DESCRIPTION OF THE TASK: The copy has to match the records word for word and include no pictures.

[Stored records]
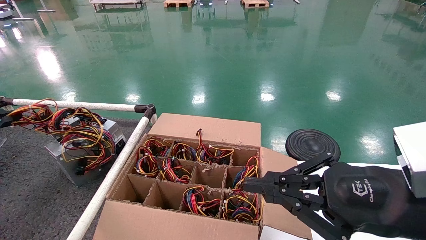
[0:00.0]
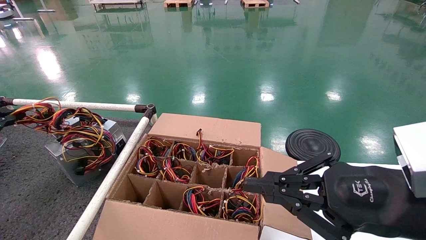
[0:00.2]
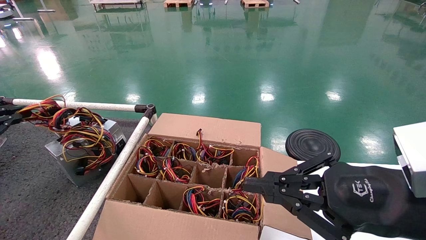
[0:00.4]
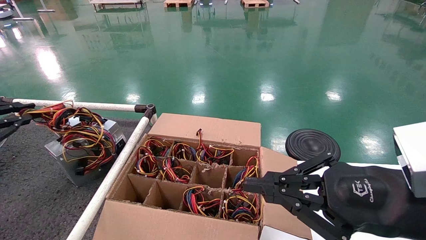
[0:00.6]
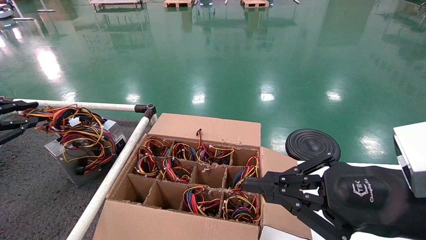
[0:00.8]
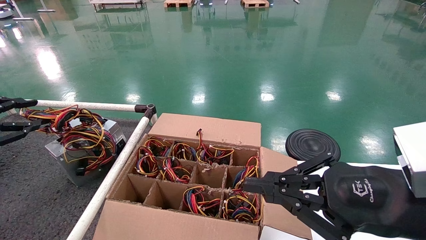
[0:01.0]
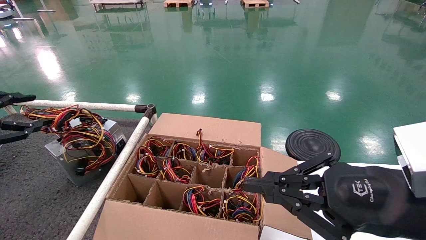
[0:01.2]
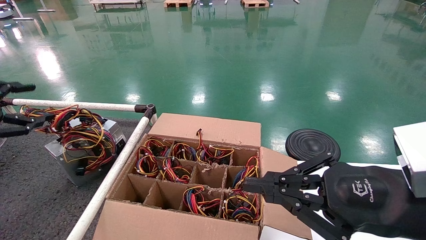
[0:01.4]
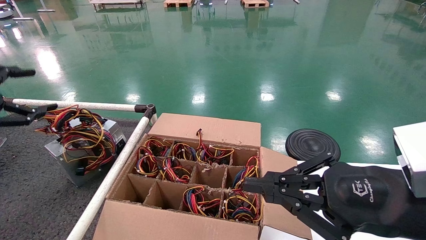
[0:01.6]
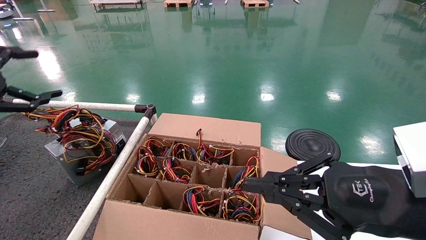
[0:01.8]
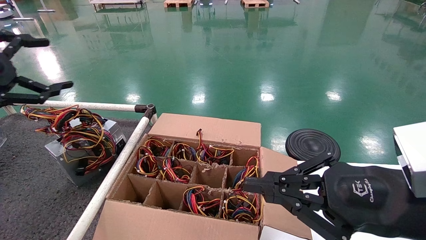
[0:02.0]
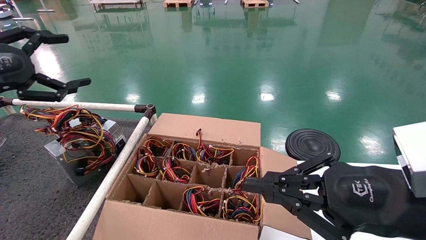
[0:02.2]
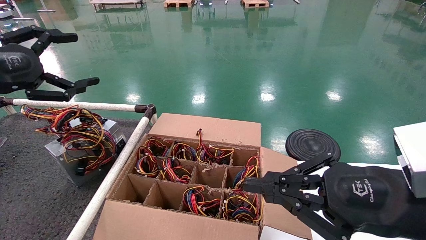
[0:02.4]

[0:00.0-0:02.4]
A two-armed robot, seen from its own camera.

RESPONSE TO THE TASK:
[0:00.0]
[0:00.2]
[0:00.4]
[0:00.6]
[0:00.8]
[0:01.0]
[0:01.2]
[0:01.4]
[0:01.6]
[0:01.8]
[0:02.0]
[0:02.2]
[0:02.4]

[0:00.0-0:02.4]
A two-armed robot, seen from its own camera.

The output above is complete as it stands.